Firmy BlackBerry i Boeing połączyły siły. Owocem tej współpracy ma być najbezpieczniejszy smartfon jaki kiedykolwiek powstał.
O smartfonie Boeing Black słyszeliśmy już kilka lat temu. Projekt bardzo powoli posuwa się do przodu, ale jest szansa, że wreszcie przyspieszy. Oficjalnie bowiem nawiązana została współpraca z firmą BlackBerry, która może pomóc w przygotowaniu i wprowadzeniu urządzenia na rynek.
Kluczowe słowo opisujące Boeing Black? Bezpieczeństwo. Urządzenie to powstaje z myślą przede wszystkim o członkach agencji rządowych oraz cywilach, dla których anonimowość i prywatność jest szczególnie istotna.

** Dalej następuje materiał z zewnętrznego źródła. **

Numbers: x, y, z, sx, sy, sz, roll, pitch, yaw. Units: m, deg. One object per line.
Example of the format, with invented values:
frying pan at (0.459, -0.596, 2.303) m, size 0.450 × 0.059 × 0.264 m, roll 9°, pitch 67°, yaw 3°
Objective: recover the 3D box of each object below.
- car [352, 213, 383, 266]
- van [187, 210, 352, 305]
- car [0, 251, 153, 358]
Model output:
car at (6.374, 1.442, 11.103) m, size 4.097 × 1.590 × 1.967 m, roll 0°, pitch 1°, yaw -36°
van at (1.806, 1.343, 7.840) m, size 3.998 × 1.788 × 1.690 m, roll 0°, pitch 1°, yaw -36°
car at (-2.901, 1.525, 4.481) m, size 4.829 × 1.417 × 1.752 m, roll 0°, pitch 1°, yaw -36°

Smartfon Boeing Black szyfruje wszystkie dane znajdujące się w pamięci, jak i same rozmowy. Co więcej, jeśli system zauważy jakąkolwiek oznakę naruszenia, urządzenie może nawet dokonać autodestrukcji. To ostatnie szczególnie powinno przekonać nawet najmniej ufnych.
„Mamy przyjemność ogłosić, że Boeing współpracuje z BlackBerry, aby zapewnić bezpieczne rozwiązanie mobilne dla urządzeń z systemem Android, wykorzystując nasza platformę BES 12” – powiedział dyrektor generalny BlackBerry, John Chen. – „To, nawiasem mówiąc, wszystko co mogę powiedzieć”.
Warto w tym miejscu dodać, że BlackBerry Enteprise Service (BES) 12 pozwoli użytkowników zarządzać i zabezpieczać nie tylko urządzenia tego producenta, ale także te, które pracują pod kontrolą Google Android czy Apple iOS.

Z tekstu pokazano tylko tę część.